Goal of the exercise —
Write the records out exactly as shown. No pictures.
[Excerpted data — start]
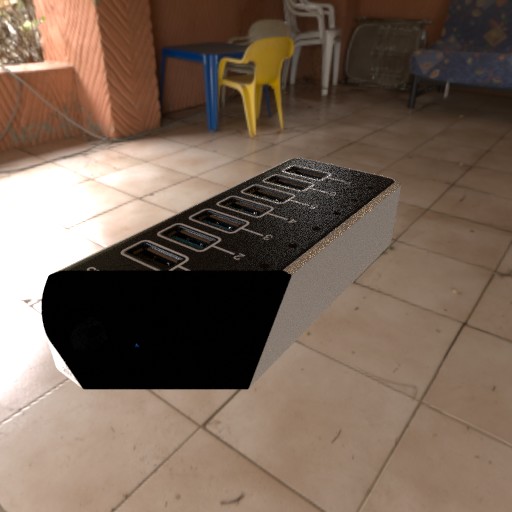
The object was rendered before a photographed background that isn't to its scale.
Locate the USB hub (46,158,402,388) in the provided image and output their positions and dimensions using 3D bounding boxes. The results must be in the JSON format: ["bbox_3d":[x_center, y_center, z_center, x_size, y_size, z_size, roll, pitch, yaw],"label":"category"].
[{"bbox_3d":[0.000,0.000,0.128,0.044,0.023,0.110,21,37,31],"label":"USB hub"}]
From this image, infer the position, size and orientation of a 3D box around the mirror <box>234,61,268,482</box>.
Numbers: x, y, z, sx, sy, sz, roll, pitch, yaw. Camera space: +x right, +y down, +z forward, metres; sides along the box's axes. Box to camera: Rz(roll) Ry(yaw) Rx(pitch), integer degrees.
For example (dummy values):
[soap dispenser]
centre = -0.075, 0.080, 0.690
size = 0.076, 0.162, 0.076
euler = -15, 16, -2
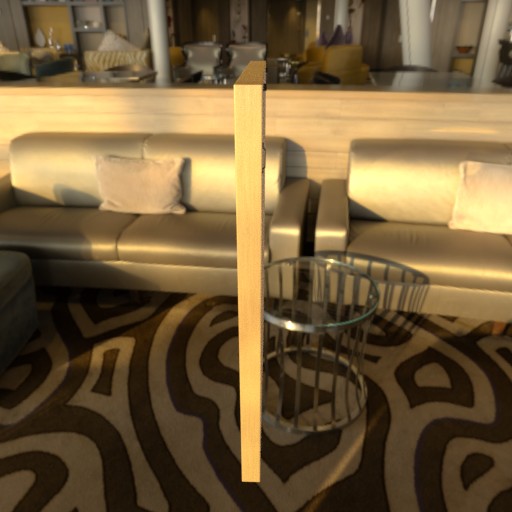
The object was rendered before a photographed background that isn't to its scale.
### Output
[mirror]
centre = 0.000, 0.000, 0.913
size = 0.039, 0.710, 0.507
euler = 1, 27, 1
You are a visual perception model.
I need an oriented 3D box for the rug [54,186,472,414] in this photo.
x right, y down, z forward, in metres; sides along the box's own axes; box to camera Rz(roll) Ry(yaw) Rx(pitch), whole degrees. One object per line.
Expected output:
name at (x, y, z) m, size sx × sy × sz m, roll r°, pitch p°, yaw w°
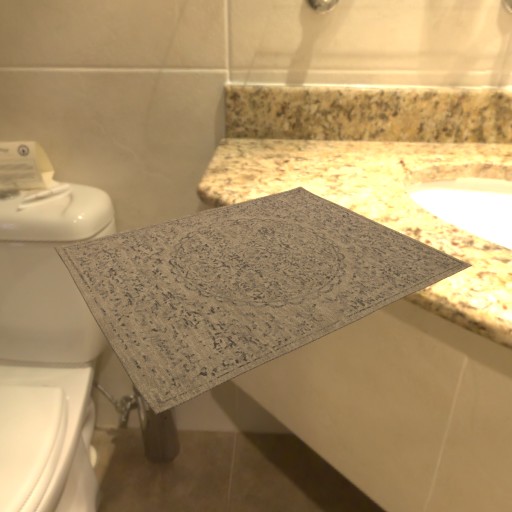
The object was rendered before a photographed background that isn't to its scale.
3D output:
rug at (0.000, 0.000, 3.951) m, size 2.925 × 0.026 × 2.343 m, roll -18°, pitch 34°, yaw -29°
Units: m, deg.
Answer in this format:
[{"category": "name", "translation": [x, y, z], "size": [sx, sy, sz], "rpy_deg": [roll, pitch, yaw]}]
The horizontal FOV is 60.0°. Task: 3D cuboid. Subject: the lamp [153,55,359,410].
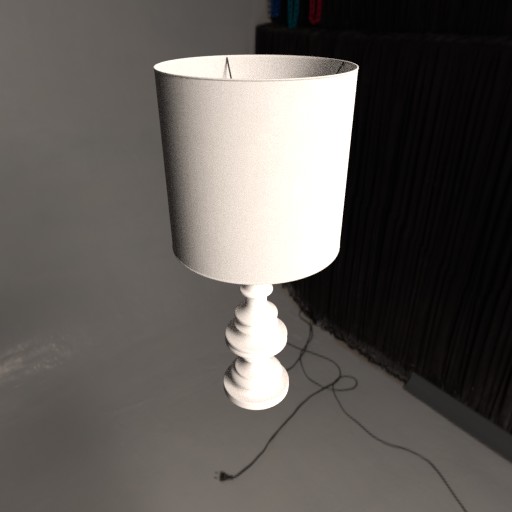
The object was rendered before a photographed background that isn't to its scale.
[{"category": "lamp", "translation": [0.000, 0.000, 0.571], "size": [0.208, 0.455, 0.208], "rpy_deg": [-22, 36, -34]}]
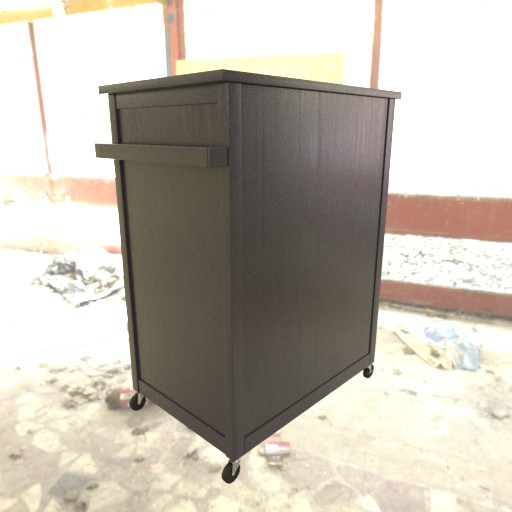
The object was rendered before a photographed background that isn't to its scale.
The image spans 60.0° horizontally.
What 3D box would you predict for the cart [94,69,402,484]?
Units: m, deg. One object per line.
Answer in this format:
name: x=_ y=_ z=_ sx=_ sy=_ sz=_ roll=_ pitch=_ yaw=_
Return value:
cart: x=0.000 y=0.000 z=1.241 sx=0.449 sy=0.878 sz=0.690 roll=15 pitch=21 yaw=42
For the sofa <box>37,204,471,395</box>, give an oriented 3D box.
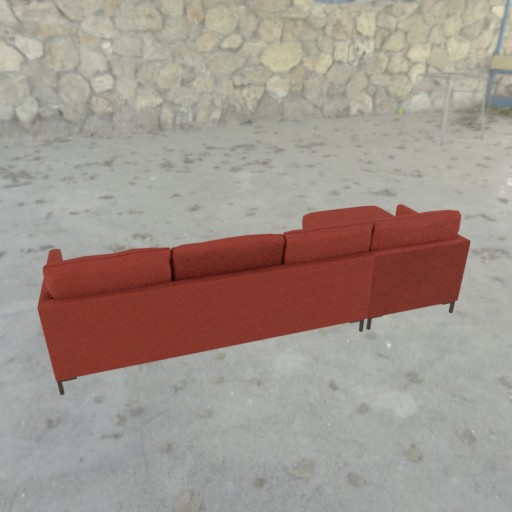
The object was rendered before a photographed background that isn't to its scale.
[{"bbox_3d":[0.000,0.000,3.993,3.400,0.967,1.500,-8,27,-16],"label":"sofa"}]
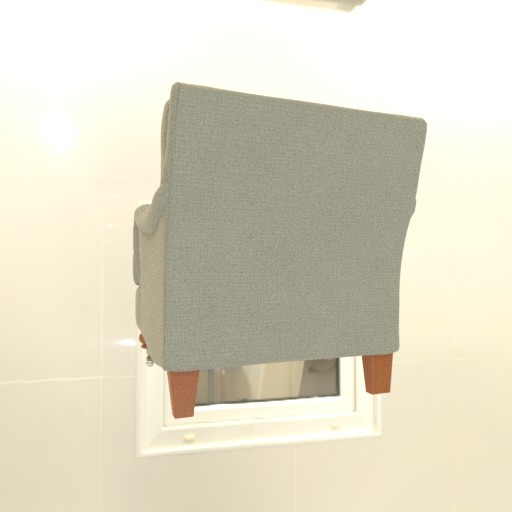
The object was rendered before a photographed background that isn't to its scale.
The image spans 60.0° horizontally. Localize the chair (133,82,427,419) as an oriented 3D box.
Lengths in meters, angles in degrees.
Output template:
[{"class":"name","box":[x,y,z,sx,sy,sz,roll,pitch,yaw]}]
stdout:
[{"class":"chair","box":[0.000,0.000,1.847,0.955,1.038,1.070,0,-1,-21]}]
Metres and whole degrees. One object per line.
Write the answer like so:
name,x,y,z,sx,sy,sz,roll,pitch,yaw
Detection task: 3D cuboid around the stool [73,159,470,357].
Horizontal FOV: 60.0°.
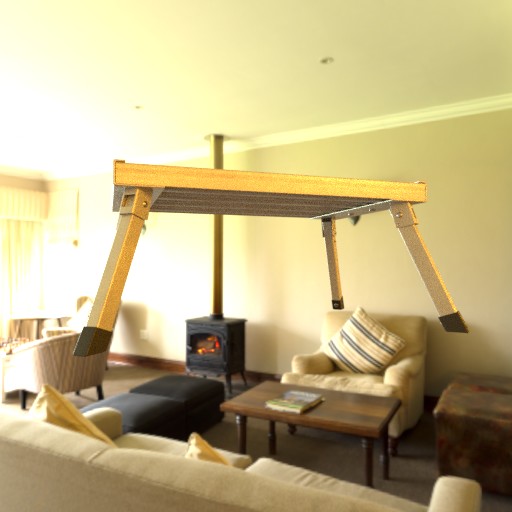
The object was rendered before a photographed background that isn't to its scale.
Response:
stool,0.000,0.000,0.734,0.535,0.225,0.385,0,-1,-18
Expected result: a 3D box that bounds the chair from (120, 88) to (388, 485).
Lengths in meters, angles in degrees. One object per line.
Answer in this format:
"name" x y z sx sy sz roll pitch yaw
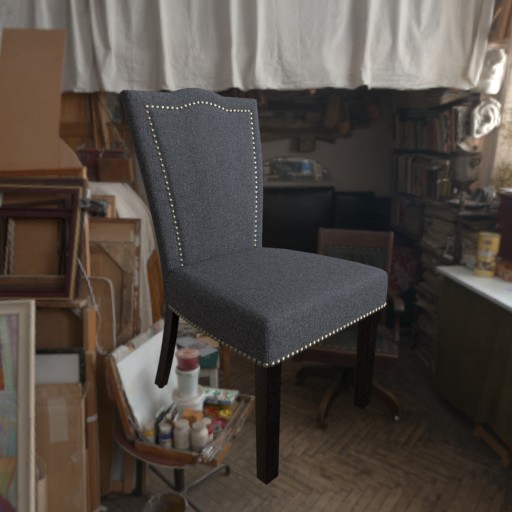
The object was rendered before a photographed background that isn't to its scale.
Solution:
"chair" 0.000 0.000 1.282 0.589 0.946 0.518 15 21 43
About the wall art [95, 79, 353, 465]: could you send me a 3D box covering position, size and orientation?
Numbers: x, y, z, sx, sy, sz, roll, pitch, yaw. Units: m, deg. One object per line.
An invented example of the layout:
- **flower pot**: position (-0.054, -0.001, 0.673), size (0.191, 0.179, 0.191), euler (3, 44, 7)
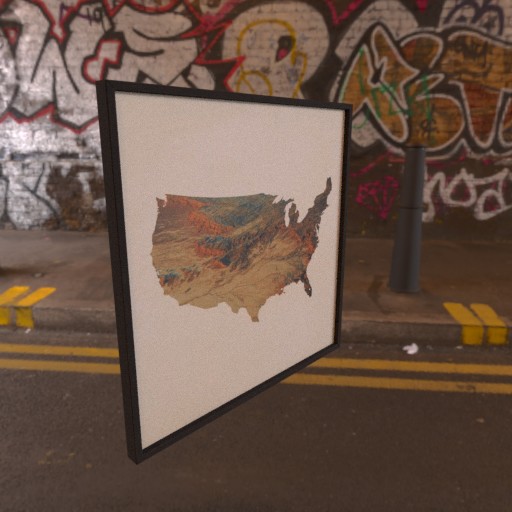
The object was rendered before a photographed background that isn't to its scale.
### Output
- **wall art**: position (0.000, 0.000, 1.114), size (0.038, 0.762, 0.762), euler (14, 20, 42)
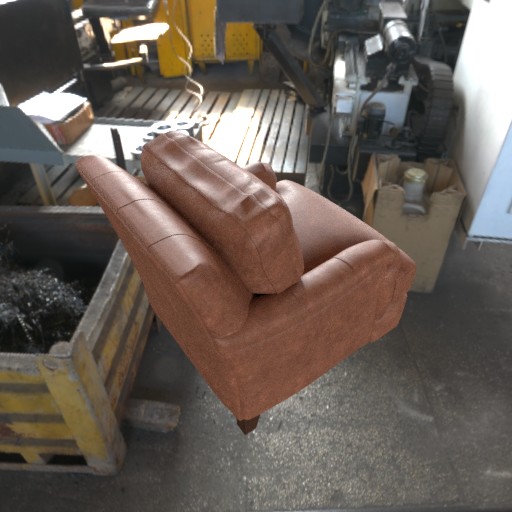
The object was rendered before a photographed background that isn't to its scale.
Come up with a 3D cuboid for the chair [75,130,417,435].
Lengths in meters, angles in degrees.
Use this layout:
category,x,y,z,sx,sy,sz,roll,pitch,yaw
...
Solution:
[Excerpted data — finish]
Written answer —
The object was rendered before a photographed background that isn't to its scale.
Locate the USB hub (46,158,402,388) in the provided image and output their positions and dimensions using 3D bounding boxes. The results must be in the JSON format: ["bbox_3d":[x_center, y_center, z_center, x_size, y_size, z_size, roll, pitch, yaw],"label":"category"].
[{"bbox_3d":[0.000,0.000,0.128,0.044,0.023,0.110,21,37,31],"label":"USB hub"}]
From this image, infer the position, size and orientation of a 3D box around the mirror <box>234,61,268,482</box>.
Numbers: x, y, z, sx, sy, sz, roll, pitch, yaw. Camera space: +x right, +y down, +z forward, metres; sides along the box's axes. Box to camera: Rz(roll) Ry(yaw) Rx(pitch), integer degrees.
For example (dummy values):
[soap dispenser]
centre = -0.075, 0.080, 0.690
size = 0.076, 0.162, 0.076
euler = -15, 16, -2
The object was rendered before a photographed background that isn't to its scale.
### Output
[mirror]
centre = 0.000, 0.000, 0.913
size = 0.039, 0.710, 0.507
euler = 1, 27, 1
You are a visual perception model.
I need an oriented 3D box for the rug [54,186,472,414] in this photo.
x right, y down, z forward, in metres; sides along the box's own axes; box to camera Rz(roll) Ry(yaw) Rx(pitch), whole degrees. One object per line.
Expected output:
name at (x, y, z) m, size sx × sy × sz m, roll r°, pitch p°, yaw w°
The object was rendered before a photographed background that isn't to its scale.
3D output:
rug at (0.000, 0.000, 3.951) m, size 2.925 × 0.026 × 2.343 m, roll -18°, pitch 34°, yaw -29°
Units: m, deg.
Answer in this format:
[{"category": "name", "translation": [x, y, z], "size": [sx, sy, sz], "rpy_deg": [roll, pitch, yaw]}]
The horizontal FOV is 60.0°. Task: 3D cuboid. Subject: the lamp [153,55,359,410].
The object was rendered before a photographed background that isn't to its scale.
[{"category": "lamp", "translation": [0.000, 0.000, 0.571], "size": [0.208, 0.455, 0.208], "rpy_deg": [-22, 36, -34]}]
The object was rendered before a photographed background that isn't to its scale.
The image spans 60.0° horizontally.
What 3D box would you predict for the cart [94,69,402,484]?
Units: m, deg. One object per line.
Answer in this format:
name: x=_ y=_ z=_ sx=_ sy=_ sz=_ roll=_ pitch=_ yaw=_
Return value:
cart: x=0.000 y=0.000 z=1.241 sx=0.449 sy=0.878 sz=0.690 roll=15 pitch=21 yaw=42
For the sofa <box>37,204,471,395</box>, give an oriented 3D box.
The object was rendered before a photographed background that isn't to its scale.
[{"bbox_3d":[0.000,0.000,3.993,3.400,0.967,1.500,-8,27,-16],"label":"sofa"}]
The object was rendered before a photographed background that isn't to its scale.
The image spans 60.0° horizontally. Localize the chair (133,82,427,419) as an oriented 3D box.
Lengths in meters, angles in degrees.
Output template:
[{"class":"name","box":[x,y,z,sx,sy,sz,roll,pitch,yaw]}]
stdout:
[{"class":"chair","box":[0.000,0.000,1.847,0.955,1.038,1.070,0,-1,-21]}]
Metres and whole degrees. One object per line.
Write the answer like so:
name,x,y,z,sx,sy,sz,roll,pitch,yaw
Detection task: 3D cuboid around the stool [73,159,470,357].
Horizontal FOV: 60.0°.
The object was rendered before a photographed background that isn't to its scale.
Response:
stool,0.000,0.000,0.734,0.535,0.225,0.385,0,-1,-18
Expected result: a 3D box that bounds the chair from (120, 88) to (388, 485).
Lengths in meters, angles in degrees. One object per line.
Answer in this format:
"name" x y z sx sy sz roll pitch yaw
The object was rendered before a photographed background that isn't to its scale.
Solution:
"chair" 0.000 0.000 1.282 0.589 0.946 0.518 15 21 43
About the wall art [95, 79, 353, 465]: could you send me a 3D box covering position, size and orientation?
Numbers: x, y, z, sx, sy, sz, roll, pitch, yaw. Units: m, deg. One object per line.
An invented example of the layout:
- **flower pot**: position (-0.054, -0.001, 0.673), size (0.191, 0.179, 0.191), euler (3, 44, 7)
The object was rendered before a photographed background that isn't to its scale.
### Output
- **wall art**: position (0.000, 0.000, 1.114), size (0.038, 0.762, 0.762), euler (14, 20, 42)
The object was rendered before a photographed background that isn't to its scale.
Come up with a 3D cuboid for the chair [75,130,417,435].
Lengths in meters, angles in degrees.
Use this layout:
category,x,y,z,sx,sy,sz,roll,pitch,yaw
...
Solution:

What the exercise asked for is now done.